Nice! I've only done some small water wheelies cause all the water round here is moving too fast to stand it up much without getting washed over. I've gotta make it to Busco one day, I'm only 2 or 3 hours away. I see your photobucket name is 05GTO6SPEED. I used to be Phantom400 over on the LS2GTO forums. I miss my goat something awful. Mine was a 6 speed too.
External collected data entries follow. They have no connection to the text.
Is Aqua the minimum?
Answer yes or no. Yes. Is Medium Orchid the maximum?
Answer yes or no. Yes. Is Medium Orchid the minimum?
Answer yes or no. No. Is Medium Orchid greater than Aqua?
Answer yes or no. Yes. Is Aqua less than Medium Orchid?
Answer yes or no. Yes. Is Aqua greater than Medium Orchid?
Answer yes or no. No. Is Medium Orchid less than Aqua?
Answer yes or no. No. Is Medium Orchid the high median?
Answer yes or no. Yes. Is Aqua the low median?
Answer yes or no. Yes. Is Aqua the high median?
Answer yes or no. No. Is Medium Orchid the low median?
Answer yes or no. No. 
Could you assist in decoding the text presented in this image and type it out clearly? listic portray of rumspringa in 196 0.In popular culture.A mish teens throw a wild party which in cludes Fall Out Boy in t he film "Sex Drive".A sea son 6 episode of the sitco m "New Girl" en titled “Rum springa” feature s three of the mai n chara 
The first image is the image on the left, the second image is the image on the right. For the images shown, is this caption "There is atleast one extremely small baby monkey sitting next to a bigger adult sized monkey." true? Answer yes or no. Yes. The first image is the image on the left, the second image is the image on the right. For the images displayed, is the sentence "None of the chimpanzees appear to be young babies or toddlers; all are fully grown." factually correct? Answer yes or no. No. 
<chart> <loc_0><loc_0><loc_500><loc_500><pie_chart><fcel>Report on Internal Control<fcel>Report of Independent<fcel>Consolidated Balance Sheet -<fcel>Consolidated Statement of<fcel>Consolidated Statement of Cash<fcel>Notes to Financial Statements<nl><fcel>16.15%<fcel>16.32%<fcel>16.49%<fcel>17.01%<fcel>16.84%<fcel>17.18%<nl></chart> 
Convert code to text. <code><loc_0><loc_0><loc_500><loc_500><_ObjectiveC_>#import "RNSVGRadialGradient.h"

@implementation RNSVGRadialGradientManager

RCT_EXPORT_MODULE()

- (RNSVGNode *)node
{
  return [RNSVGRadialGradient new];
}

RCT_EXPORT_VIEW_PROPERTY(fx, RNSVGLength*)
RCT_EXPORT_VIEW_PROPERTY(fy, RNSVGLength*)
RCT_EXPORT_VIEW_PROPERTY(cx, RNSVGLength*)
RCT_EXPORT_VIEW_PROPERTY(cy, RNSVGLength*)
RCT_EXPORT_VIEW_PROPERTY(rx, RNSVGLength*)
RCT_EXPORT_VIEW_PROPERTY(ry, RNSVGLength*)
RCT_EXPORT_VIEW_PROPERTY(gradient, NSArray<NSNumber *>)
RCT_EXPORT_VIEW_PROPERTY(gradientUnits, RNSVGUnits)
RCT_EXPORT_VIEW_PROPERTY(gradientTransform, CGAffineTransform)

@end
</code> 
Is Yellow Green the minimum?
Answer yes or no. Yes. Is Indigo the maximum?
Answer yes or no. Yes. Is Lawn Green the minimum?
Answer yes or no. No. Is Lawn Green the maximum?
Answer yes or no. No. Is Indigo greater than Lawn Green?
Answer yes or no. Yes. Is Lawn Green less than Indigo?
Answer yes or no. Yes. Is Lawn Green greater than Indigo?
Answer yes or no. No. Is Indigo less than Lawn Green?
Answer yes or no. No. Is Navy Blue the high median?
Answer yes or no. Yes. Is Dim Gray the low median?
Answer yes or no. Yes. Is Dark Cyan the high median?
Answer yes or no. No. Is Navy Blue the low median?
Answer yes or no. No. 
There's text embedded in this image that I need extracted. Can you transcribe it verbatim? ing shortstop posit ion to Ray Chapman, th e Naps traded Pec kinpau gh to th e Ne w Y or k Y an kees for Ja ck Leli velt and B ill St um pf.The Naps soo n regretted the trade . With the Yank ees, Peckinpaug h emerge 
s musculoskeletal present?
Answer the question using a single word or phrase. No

Seemed a shame to have one of those with an auto.


----------



## 650Brute (Dec 18, 2008)

Water Wheelies are like crack


----------



## 08GreenBrute (Jul 13, 2009)

i have to agree they are very addicting,

poolege, i miss my Goat bad too but for a 35k car they were put together kinda crappy. mine had 25k on it and needed all the suspension bushing replaced in the front because of the strut rub and GM said it wont under warranty because the car had been driven hard (like they were supposed to be lol)


----------



## Polaris425 (Dec 16, 2004)

nice!! looks like a fun pit to play in.


----------



## poolege (Mar 26, 2010)

Yeah I heard alot of goats had that problem and GM were a*****'* about it. Only problem I had was my rear diff went out at 32,000 miles the night before the Fall Brawl but I found another one for $326 in D.C. so it was ok. I will have another Goat or G8 one day though, even though Pontiac is dead. : (


----------



## king05 (Oct 13, 2010)

Nice vid! Busco beach is so much fun! I love it!


----------



## 08GreenBrute (Jul 13, 2009)

yea its a good place to ride,


----------



## swampthing (May 2, 2010)

If I ever get over to the States with my machine I will be at Busco! nice vid man, I agree with 650brute water wheelies are like crack.


----------



## avenomusduck (Jul 8, 2010)

That mudd pit can be fun but stay away from the far right side!
Last time I went, just about the middle, it dropped from 4' to 6' REAL QUICK:bigeyes:
The oval muddercross pit is fun too!

Nice vids BTW!


----------



## 08GreenBrute (Jul 13, 2009)

Thanks, yea you have to watch out there are a few holes in that pit


----------